Caccia alla spazzatura spaziale
0Funziona il super-radar italiano che dà la caccia alla spazzatura spaziale. Il 10 febbraio scorso i satelliti americano e russo Iridium 33 e Cosmos 2251 sono entrati in collisione liberando nello Spazio numerosi piccoli frammenti. Di alcuni di questi siamo ora in grado di dire esattamente dove si trovano, proprio grazie al progetto per il monitoraggio dei detriti, ideato dall’Istituto di Radioastronomia di Bologna e dall’Osservatorio Astronomico di Torino (entrambi dell'Istituto nazionale di astrofisica) e finanziato dall’Agenzia spaziale italiana (Asi).

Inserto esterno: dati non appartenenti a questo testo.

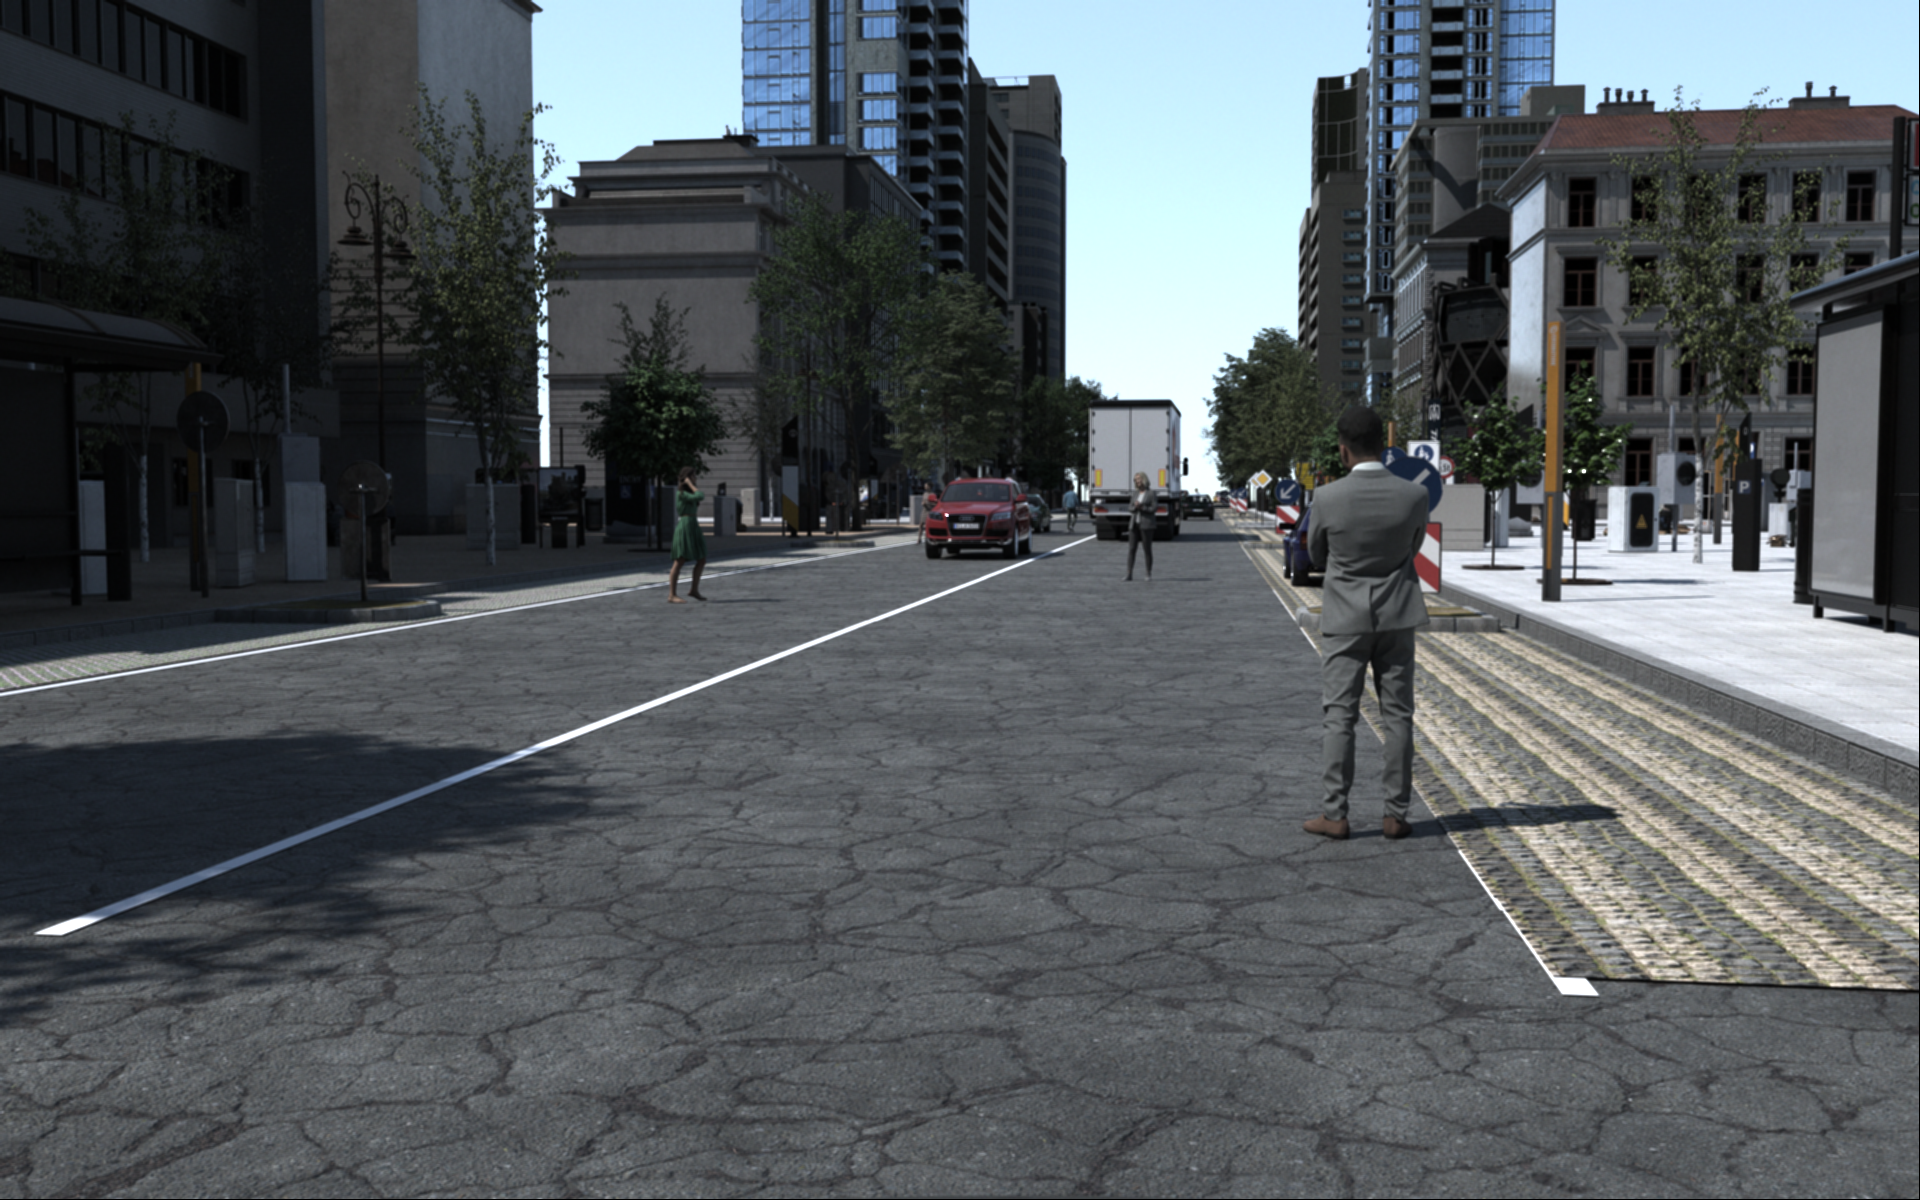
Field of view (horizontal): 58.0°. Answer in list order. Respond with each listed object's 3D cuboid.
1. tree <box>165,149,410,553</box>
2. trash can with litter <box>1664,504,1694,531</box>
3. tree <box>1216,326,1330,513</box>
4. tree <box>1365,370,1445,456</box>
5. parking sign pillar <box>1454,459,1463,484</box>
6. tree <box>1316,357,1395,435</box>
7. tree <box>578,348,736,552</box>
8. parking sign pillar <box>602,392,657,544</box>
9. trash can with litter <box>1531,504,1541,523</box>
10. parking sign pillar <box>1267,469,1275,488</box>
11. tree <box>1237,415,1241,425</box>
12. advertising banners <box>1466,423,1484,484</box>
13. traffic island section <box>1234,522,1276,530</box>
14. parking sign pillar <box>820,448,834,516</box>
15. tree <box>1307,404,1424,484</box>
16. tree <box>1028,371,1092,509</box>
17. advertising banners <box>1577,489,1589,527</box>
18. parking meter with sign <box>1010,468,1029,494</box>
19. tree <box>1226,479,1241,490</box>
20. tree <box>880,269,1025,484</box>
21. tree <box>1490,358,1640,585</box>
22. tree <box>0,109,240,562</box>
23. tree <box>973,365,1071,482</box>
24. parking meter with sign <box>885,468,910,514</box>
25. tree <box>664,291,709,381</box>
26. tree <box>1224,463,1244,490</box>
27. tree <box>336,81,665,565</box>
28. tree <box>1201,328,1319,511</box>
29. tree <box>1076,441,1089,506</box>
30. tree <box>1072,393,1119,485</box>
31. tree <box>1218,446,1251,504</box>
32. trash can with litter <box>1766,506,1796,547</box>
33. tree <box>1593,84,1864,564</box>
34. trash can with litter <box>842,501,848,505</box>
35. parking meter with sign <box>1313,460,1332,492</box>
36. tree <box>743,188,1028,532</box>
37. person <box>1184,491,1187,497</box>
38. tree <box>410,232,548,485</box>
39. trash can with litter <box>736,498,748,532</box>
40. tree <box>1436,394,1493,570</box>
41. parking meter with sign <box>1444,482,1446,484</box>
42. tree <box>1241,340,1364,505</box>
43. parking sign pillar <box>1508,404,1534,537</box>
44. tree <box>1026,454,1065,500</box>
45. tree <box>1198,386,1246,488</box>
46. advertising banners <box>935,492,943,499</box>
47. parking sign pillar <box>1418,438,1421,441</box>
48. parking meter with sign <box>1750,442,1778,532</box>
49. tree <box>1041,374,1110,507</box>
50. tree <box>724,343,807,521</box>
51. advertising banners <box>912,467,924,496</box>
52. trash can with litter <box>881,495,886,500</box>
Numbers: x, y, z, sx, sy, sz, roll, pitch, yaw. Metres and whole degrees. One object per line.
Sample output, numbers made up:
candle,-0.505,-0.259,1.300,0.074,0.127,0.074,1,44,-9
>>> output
tree,-15.144,-5.342,37.710,4.360,8.622,3.978,0,3,0
trash can with litter,25.422,-3.046,60.867,2.233,1.210,1.678,0,4,-7
tree,21.491,-12.172,117.132,7.486,12.596,7.792,0,3,0
tree,26.781,-9.379,103.706,4.737,8.622,4.395,0,3,0
parking sign pillar,25.479,-6.084,87.952,1.447,3.967,1.447,-3,5,-40
tree,21.030,-8.697,92.563,4.360,8.622,3.978,0,3,0
tree,-6.687,-3.372,38.846,4.285,4.588,4.351,0,3,0
parking sign pillar,-8.632,-3.474,45.275,1.447,3.967,1.447,2,4,26
trash can with litter,25.498,-3.943,75.856,1.055,1.170,0.624,-1,4,-15
parking sign pillar,27.066,-9.937,150.939,1.447,3.967,1.447,1,4,8
tree,19.157,-9.414,104.277,4.737,8.622,4.395,0,3,0
advertising banners,12.096,-2.876,43.204,2.074,3.025,0.090,1,4,19
traffic island section,13.338,-3.396,77.813,2.009,0.180,2.903,0,4,8
parking sign pillar,-7.826,-6.956,102.198,1.447,3.967,1.447,1,4,17
tree,14.393,-4.846,62.939,4.285,4.588,4.351,0,3,0
tree,7.605,-13.522,146.834,9.928,11.665,9.643,0,3,0
advertising banners,22.985,-4.154,64.109,0.090,3.025,2.074,2,4,34
parking meter with sign,4.250,-7.366,116.688,1.738,3.016,0.543,2,4,34
tree,46.383,-18.767,290.550,4.285,4.588,4.351,0,3,0
tree,-0.091,-10.367,87.622,7.486,12.596,7.792,0,3,0
tree,8.865,-1.836,24.614,1.663,3.219,1.824,0,3,0
tree,-15.733,-5.035,32.689,4.737,8.622,4.395,0,3,0
tree,4.168,-11.463,121.840,8.767,10.594,7.601,2,4,30
parking meter with sign,-4.188,-7.181,113.673,1.738,3.016,0.543,1,4,17
tree,-11.390,-6.933,63.724,4.737,8.622,4.395,0,3,0
tree,40.055,-18.388,250.999,4.360,8.622,3.978,0,3,0
tree,-8.611,-4.922,30.841,4.737,8.622,4.395,0,3,0
tree,23.556,-13.947,134.687,9.857,13.997,8.962,0,3,0
tree,13.955,-14.642,189.751,4.737,8.622,4.395,0,3,0
tree,18.065,-18.970,216.812,9.857,13.997,8.962,0,3,0
tree,38.926,-19.164,239.090,9.928,11.665,9.643,0,3,0
trash can with litter,20.009,-1.856,41.732,1.055,1.170,0.624,3,5,41
tree,13.841,-4.971,31.642,4.737,8.622,4.395,0,3,0
trash can with litter,-6.983,-5.410,99.843,1.055,1.170,0.624,3,4,37
parking meter with sign,18.387,-5.481,85.882,1.738,3.016,0.543,0,4,2
tree,-3.712,-8.188,59.621,9.928,11.665,9.643,0,3,0
person,22.157,-9.885,170.671,0.434,1.755,0.990,-1,4,-14
tree,-13.357,-6.013,48.669,4.360,8.622,3.978,0,3,0
trash can with litter,-7.518,-2.902,58.828,0.624,1.170,1.055,-2,4,-33
tree,9.230,-2.134,29.493,1.663,3.219,1.824,0,3,0
parking meter with sign,30.972,-7.044,111.429,0.543,3.016,1.738,3,5,43
tree,16.241,-8.085,82.557,4.737,8.622,4.395,0,3,0
parking sign pillar,16.467,-3.879,51.902,1.447,3.967,1.447,1,4,21
tree,6.743,-9.422,137.756,4.285,4.588,4.351,0,3,0
tree,31.117,-17.066,189.399,12.009,13.543,11.850,0,3,0
advertising banners,-1.920,-7.073,111.826,2.074,3.025,0.090,-2,4,-25
parking sign pillar,22.227,-5.799,83.283,1.447,3.967,1.447,1,4,17
parking meter with sign,27.491,-3.827,58.837,1.738,3.016,0.543,-1,4,-16
tree,11.536,-15.206,165.633,9.611,12.733,9.660,0,3,0
tree,-9.145,-8.113,83.013,4.360,8.622,3.978,0,3,0
advertising banners,-2.567,-6.606,104.189,0.090,3.025,2.074,1,4,20
trash can with litter,-7.758,-8.384,148.143,2.233,1.210,1.678,-3,4,-37

Il super-radar non calcola le orbite dei detriti, ma ne rivela la presenza in una determinata regione dello Spazio. L'obiettivo è censire i frammenti presenti alle diverse quote, così da poter ricostruire l’ambiente detritico intorno alla Terra per studiarne l’evoluzione ed individuare le zone a maggior rischio impatto. “Attualmente conosciamo bene la popolazione dei detriti di dimensioni superiori ai 10 centimetri, ma per quelli di dimensioni inferiori la conoscenza è lacunosa e dei detriti sotto il centimetro si sa poco o nulla”, racconta Giuseppe Pupillo, uno dei ricercatori coinvolti nel progetto: “I sistemi radar in grado di osservare in orbita oggetti più piccoli di un centimetro sono davvero pochi. Secondo i nostri test, il radar Medicina-Evpatoria dovrebbe essere tra questi”.
Per individuarli, il progetto italiano sfrutta due radiotelescopi che funzionano come un radar bi-statico: “Come trasmettitore abbiamo usato il radiotelescopio di Evpatoria, in Ucraina, e come ricevitore la parabola da 32 metri di Medicina, vicino Bologna”, spiega Stelio Montebugnoli a Galileo, responsabile della Stazione radioastronomica Inaf di Medicina.
L'ultimo test condotto lo scorso 23 marzo ha avuto un esito positivo: i ricercatori hanno individuato sei piccoli frammenti in viaggio alla velocità di circa 25 mila chilometri orari. Il test dimostra che l’Italia possiede la tecnologia necessaria per ricoprire un ruolo strategico nel controllo dei detriti spaziali. Proprio per affrontare questo problema, l’Inter Agency Space Debris Coordination Commitee - sigla che racchiude 11 agenzie spaziali tra cui l’Asi - si è riunita in Germania la scorsa settimana per discutere eventuali soluzioni. Ecco alcune delle misure proposte nel corso dell'incontro: conservare carburante a bordo dei satelliti in modo che, alla fine della loro attività, possano essere dirottati su orbite non popolate; sospendere le esplosioni programmate in orbita; svuotare la parte superiore dei razzi per evitare che, in caso di esplosioni, si generino miriadi di frammenti. (m.s.)